Klopfenstein R W, Carlson C R
J Opt Soc Am A. 1984 Oct;1(10):1040-53. doi: 10.1364/josaa.1.001040.
The human visual system exhibits two properties that may be useful in other pattern-recognition systems: images do not change their shape with changes in image size and resolution declines rapidly with distance from the center of fixation.
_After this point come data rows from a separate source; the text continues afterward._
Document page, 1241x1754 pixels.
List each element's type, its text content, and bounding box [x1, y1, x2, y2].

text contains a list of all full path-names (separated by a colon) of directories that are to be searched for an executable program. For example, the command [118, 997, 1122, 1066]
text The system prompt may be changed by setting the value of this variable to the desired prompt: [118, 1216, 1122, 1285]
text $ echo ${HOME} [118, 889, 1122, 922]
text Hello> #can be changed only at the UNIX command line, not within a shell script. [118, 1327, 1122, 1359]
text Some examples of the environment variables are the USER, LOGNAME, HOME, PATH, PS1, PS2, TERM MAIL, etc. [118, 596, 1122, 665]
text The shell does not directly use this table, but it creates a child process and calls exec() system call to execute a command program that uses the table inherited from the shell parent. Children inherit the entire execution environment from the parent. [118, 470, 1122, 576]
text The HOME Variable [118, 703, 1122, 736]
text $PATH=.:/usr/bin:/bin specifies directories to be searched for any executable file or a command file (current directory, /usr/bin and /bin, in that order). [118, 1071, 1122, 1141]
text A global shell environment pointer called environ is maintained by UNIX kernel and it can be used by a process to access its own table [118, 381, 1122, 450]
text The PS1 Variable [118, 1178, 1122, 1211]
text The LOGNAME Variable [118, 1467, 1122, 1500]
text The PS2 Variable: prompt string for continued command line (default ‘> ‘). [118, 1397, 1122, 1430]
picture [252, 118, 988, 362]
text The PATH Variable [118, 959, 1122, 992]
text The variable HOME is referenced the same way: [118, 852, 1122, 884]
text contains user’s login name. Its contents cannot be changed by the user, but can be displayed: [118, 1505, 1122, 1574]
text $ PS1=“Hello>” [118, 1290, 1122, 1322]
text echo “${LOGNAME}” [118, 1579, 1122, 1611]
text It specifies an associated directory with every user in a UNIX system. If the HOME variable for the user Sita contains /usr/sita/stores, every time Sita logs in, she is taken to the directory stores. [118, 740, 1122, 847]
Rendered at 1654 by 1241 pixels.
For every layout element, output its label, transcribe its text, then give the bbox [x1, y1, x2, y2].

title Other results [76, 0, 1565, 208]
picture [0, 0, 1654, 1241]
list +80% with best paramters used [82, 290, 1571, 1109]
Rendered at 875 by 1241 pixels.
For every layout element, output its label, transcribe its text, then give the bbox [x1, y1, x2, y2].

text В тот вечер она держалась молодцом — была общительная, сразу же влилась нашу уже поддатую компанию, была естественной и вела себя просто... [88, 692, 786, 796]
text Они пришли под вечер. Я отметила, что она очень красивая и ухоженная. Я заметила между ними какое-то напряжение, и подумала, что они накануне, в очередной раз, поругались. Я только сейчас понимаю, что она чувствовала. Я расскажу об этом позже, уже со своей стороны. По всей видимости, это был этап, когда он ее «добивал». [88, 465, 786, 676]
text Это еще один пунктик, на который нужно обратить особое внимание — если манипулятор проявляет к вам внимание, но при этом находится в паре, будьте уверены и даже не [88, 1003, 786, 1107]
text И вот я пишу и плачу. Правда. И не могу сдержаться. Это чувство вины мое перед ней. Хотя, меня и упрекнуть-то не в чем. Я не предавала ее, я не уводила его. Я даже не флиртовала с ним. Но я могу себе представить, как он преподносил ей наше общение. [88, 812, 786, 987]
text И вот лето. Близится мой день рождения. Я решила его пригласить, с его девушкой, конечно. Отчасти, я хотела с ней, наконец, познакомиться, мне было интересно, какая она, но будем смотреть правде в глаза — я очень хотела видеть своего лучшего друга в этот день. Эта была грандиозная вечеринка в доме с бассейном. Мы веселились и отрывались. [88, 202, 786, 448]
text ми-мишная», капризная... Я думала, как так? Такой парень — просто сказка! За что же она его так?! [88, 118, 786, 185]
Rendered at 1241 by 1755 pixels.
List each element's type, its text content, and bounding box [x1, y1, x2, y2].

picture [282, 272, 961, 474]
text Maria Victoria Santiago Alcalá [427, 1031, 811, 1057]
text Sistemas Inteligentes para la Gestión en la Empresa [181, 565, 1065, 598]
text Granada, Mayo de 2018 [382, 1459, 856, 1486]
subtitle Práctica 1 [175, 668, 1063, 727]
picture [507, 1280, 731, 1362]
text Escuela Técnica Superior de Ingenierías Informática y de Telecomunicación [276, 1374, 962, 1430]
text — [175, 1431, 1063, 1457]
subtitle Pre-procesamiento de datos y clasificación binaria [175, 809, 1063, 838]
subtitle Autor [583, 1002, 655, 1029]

We show here that, in general, shape invariance requires inhomogeneous resolution over image space in a manner similar to that of the human visual system. Thus shape-invariant systems must process less information when compared with uniform-resolution systems. Although shape-invariant systems can be rotationally invariant, they cannot, in general, be translationally invariant. The properties of shape-invariant systems are explored in the spatial-frequency domain using a modified Fourier transform called a scaled transform. The features of scaled transforms are discussed and their behavior illustrated in the image domain by using them to filter various images, including the dot, the line, and the edge. It is shown that the filtered profile of an edge is preserved when it passes through the origin of a scaled transform. This result suggests that scaled transforms may be useful in edge-detection algorithms.
人类视觉系统具有两种特性,这两种特性在其他模式识别系统中可能会很有用:图像不会随着图像大小的变化而改变其形状,并且分辨率会随着与注视中心距离的增加而迅速下降。我们在此表明,一般来说,形状不变性要求在图像空间上具有不均匀的分辨率,其方式类似于人类视觉系统。因此,与均匀分辨率系统相比,形状不变系统必须处理更少的信息。虽然形状不变系统可以是旋转不变的,但一般来说,它们不能是平移不变的。使用一种称为缩放变换的修改傅里叶变换,在空间频率域中探索形状不变系统的特性。讨论了缩放变换的特征,并通过使用它们对包括点、线和边缘在内的各种图像进行滤波,在图像域中说明了它们的行为。结果表明,当边缘的滤波轮廓通过缩放变换的原点时,其形状得以保留。这一结果表明,缩放变换在边缘检测算法中可能会很有用。